START STORED DATA

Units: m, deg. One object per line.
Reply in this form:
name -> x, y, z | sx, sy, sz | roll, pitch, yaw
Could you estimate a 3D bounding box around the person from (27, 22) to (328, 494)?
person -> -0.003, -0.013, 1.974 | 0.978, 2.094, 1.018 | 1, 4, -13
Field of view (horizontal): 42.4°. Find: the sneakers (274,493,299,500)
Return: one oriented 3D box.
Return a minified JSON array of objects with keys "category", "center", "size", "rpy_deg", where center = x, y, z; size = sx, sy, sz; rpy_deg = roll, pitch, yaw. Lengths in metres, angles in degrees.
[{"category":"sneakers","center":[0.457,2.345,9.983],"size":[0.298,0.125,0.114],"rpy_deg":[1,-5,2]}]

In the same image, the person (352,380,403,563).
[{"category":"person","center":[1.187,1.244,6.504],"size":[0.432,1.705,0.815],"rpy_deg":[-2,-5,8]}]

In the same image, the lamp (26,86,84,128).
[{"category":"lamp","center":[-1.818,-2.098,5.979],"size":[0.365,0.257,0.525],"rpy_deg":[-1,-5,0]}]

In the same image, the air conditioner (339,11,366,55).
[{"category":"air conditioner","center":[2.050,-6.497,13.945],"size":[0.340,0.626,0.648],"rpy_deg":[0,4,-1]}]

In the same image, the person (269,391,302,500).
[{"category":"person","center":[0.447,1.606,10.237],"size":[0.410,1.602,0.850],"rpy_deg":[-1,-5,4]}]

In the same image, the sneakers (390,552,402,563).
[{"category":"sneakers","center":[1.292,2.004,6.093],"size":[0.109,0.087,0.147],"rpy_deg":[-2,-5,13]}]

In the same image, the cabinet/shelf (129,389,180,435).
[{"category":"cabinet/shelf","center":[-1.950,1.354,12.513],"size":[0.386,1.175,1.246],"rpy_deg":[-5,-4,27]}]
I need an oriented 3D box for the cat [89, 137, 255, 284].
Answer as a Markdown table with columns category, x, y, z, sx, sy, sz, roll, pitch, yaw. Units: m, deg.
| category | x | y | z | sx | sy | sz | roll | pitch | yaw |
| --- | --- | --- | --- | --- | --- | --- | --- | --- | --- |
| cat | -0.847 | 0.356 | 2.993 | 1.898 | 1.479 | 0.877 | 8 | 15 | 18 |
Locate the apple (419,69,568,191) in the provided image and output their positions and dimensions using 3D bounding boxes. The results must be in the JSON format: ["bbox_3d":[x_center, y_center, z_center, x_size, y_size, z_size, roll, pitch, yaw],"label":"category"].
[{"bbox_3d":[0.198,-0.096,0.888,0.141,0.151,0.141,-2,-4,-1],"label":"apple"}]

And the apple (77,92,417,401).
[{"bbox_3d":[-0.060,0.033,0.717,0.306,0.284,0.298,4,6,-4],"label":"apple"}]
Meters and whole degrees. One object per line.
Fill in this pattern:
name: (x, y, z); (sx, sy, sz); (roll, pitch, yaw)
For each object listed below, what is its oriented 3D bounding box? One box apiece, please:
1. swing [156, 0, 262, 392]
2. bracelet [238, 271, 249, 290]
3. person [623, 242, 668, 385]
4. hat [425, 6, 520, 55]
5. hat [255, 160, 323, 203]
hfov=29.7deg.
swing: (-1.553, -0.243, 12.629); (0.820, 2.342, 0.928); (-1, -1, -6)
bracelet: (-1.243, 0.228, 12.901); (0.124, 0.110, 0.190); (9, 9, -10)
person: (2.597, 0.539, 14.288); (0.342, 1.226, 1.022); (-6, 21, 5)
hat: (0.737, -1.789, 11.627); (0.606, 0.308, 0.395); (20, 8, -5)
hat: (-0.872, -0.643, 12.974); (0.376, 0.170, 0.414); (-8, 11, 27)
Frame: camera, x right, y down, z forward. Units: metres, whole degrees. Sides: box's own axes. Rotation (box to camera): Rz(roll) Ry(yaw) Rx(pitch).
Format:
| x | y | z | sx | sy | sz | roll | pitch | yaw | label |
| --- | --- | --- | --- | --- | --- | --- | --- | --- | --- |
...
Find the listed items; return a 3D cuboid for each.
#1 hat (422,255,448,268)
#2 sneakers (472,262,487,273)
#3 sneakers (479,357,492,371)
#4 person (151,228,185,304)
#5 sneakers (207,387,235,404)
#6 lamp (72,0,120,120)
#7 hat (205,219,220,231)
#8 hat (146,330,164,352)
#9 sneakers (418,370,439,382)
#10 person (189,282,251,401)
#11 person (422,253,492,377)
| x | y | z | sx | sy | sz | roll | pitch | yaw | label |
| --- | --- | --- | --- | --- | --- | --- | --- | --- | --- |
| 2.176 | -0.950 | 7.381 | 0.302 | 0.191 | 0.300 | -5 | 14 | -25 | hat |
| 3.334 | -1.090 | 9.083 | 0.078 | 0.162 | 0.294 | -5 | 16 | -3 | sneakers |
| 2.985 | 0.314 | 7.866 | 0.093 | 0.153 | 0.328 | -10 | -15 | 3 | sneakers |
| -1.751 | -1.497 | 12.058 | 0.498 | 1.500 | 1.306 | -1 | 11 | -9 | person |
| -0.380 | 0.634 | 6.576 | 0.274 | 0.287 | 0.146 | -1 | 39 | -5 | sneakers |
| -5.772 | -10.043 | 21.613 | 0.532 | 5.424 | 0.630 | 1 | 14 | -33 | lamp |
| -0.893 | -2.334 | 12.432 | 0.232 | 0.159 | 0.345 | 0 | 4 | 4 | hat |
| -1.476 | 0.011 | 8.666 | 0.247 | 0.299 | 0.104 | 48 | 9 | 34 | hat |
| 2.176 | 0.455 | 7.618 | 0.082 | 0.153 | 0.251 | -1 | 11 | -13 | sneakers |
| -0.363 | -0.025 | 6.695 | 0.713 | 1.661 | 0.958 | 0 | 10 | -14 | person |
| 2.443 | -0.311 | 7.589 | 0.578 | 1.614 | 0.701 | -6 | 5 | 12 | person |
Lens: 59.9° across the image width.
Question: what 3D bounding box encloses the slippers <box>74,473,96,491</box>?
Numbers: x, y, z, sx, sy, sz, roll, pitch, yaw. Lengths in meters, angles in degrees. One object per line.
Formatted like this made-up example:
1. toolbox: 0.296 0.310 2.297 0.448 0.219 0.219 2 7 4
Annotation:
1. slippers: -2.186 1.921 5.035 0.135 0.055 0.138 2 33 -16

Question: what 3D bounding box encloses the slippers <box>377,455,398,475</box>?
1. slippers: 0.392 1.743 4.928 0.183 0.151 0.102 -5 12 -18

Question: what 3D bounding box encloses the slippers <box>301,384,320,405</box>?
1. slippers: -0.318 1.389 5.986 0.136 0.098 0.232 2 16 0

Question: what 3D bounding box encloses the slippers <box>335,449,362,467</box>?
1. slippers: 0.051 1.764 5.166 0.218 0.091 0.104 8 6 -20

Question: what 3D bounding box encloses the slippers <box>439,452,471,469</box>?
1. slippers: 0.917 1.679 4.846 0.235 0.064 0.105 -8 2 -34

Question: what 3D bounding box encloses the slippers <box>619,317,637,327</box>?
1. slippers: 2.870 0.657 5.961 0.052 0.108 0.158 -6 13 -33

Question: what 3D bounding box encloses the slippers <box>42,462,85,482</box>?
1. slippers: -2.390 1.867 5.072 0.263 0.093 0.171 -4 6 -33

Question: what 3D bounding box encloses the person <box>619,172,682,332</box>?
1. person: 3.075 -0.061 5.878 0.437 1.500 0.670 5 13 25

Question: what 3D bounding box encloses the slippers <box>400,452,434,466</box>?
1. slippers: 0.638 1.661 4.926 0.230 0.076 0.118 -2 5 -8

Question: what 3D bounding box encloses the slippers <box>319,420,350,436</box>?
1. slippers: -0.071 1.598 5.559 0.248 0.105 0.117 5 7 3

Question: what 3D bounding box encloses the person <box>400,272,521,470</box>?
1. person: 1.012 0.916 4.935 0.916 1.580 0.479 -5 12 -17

END STORED DATA

Copy the records above exactly, from the first line through the line containing "Return: one oriented 3D box.", and include nothing else.

Units: m, deg. One object per line.
Reply in this form:
name -> x, y, z | sx, sy, sz | roll, pitch, yaw
Could you estimate a 3D bounding box around the person from (27, 22) to (328, 494)?
person -> -0.003, -0.013, 1.974 | 0.978, 2.094, 1.018 | 1, 4, -13
Field of view (horizontal): 42.4°. Find: the sneakers (274,493,299,500)
Return: one oriented 3D box.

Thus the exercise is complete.